Reuse the input buffers when possible in TensorList kernels.

This lets the tf runtime reuse the memory for the input tensor to the output tensor, preventing allocations and copying, and making the normal runtime of successive push-backs O(n) instead of O(n^2).

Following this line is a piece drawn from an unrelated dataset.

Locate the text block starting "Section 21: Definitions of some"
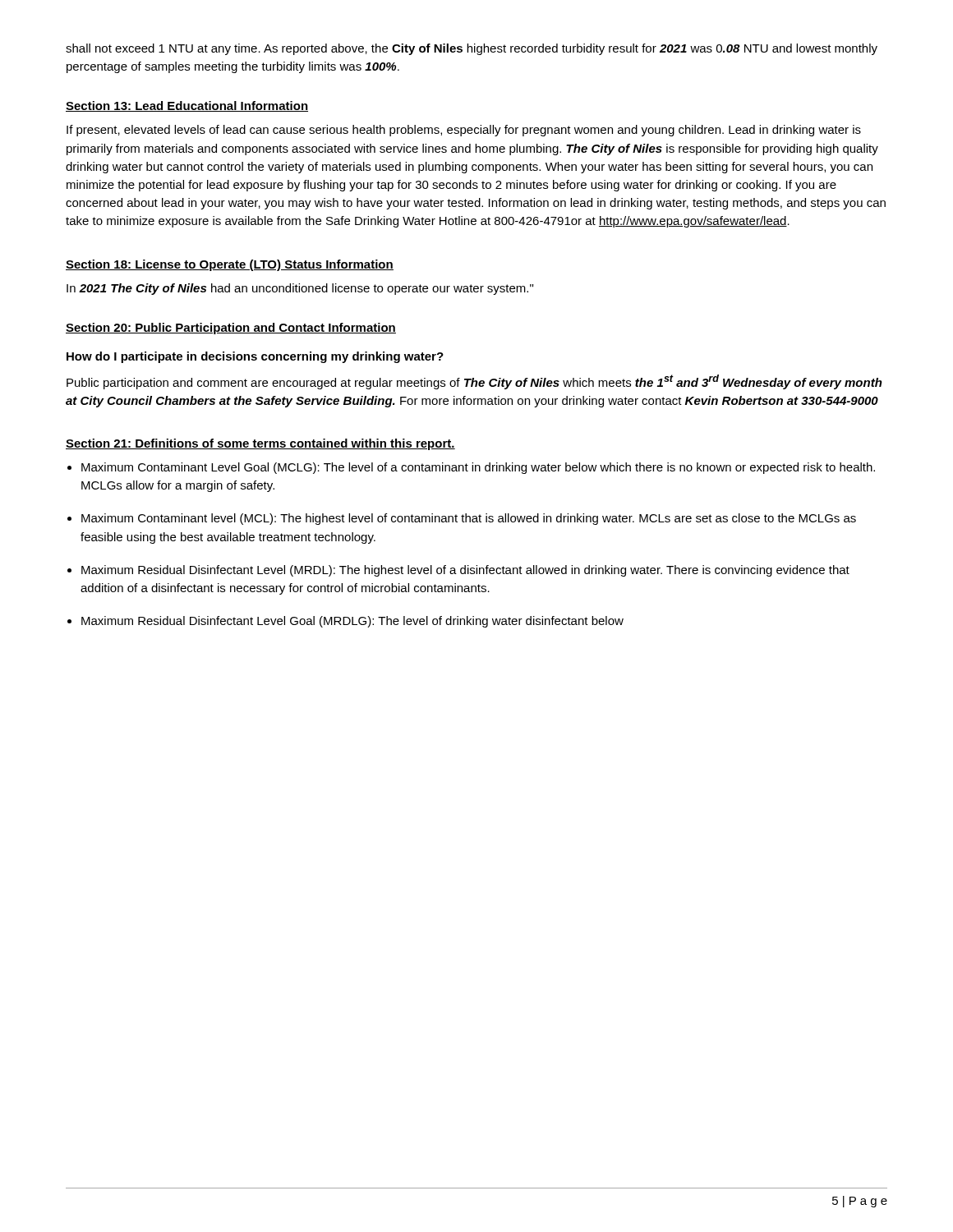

PiperOrigin-RevId: 227056083
2018-12-27 13:07:56 -08:00 · 2018-12-27 13:07:56 -08:00 · 331bf7a11a
commit 331bf7a11a
parent fbf52681e2
1 changed files with 38 additions and 18 deletions
--- a/tensorflow/core/kernels/list_kernels.cc
+++ b/tensorflow/core/kernels/list_kernels.cc
@ -259,15 +259,22 @@ class TensorListPushBack : public OpKernel {
                                  " max_num_elements: ", l->max_num_elements));
    }

+    AllocatorAttributes attr;
+    attr.set_on_host(true);
+    std::unique_ptr<Tensor> maybe_result = c->forward_input(
+        0, 0, DT_VARIANT, TensorShape{}, c->input_memory_type(0), attr);
+    if (maybe_result != nullptr) {
+      maybe_result->scalar<Variant>()().get<TensorList>()->tensors.push_back(
+          input);
+    } else {
+      Tensor* result;
+      OP_REQUIRES_OK(c, c->allocate_output(0, TensorShape{}, &result, attr));
      TensorList output;
      output = *l;
      output.tensors.push_back(input);
-    Tensor* result;
-    AllocatorAttributes attr;
-    attr.set_on_host(true);
-    OP_REQUIRES_OK(c, c->allocate_output(0, TensorShape{}, &result, attr));
      result->scalar<Variant>()() = std::move(output);
    }
+  }

 private:
  DataType element_dtype_;
@ -384,15 +391,21 @@ class TensorListPopBack : public OpKernel {
                errors::InvalidArgument("Trying to pop from an empty list."));

    c->set_output(1, l->tensors.back());
+    AllocatorAttributes attr;
+    attr.set_on_host(true);
+    std::unique_ptr<Tensor> maybe_result = c->forward_input(
+        0, 0, DT_VARIANT, TensorShape{}, c->input_memory_type(0), attr);
+    if (maybe_result != nullptr) {
+      maybe_result->scalar<Variant>()().get<TensorList>()->tensors.pop_back();
+    } else {
      TensorList output;
      output = *l;
      output.tensors.pop_back();
      Tensor* result;
-    AllocatorAttributes attr;
-    attr.set_on_host(true);
      OP_REQUIRES_OK(c, c->allocate_output(0, TensorShape{}, &result, attr));
      result->scalar<Variant>()() = std::move(output);
    }
+  }

 private:
  DataType element_dtype_;
@ -529,15 +542,22 @@ class TensorListSetItem : public OpKernel {
                    "list index. Item element shape: ",
                    value.shape().DebugString(),
                    " list shape: ", l->element_shape.DebugString()));
+    AllocatorAttributes attr;
+    attr.set_on_host(true);
+    std::unique_ptr<Tensor> maybe_result = c->forward_input(
+        0, 0, DT_VARIANT, TensorShape{}, c->input_memory_type(0), attr);
+    if (maybe_result != nullptr) {
+      maybe_result->scalar<Variant>()().get<TensorList>()->tensors[index] =
+          value;
+    } else {
      TensorList output;
      output = *l;
      output.tensors[index] = value;
      Tensor* result;
-    AllocatorAttributes attr;
-    attr.set_on_host(true);
      OP_REQUIRES_OK(c, c->allocate_output(0, TensorShape{}, &result, attr));
      result->scalar<Variant>()() = std::move(output);
    }
+  }

 private:
  DataType element_dtype_;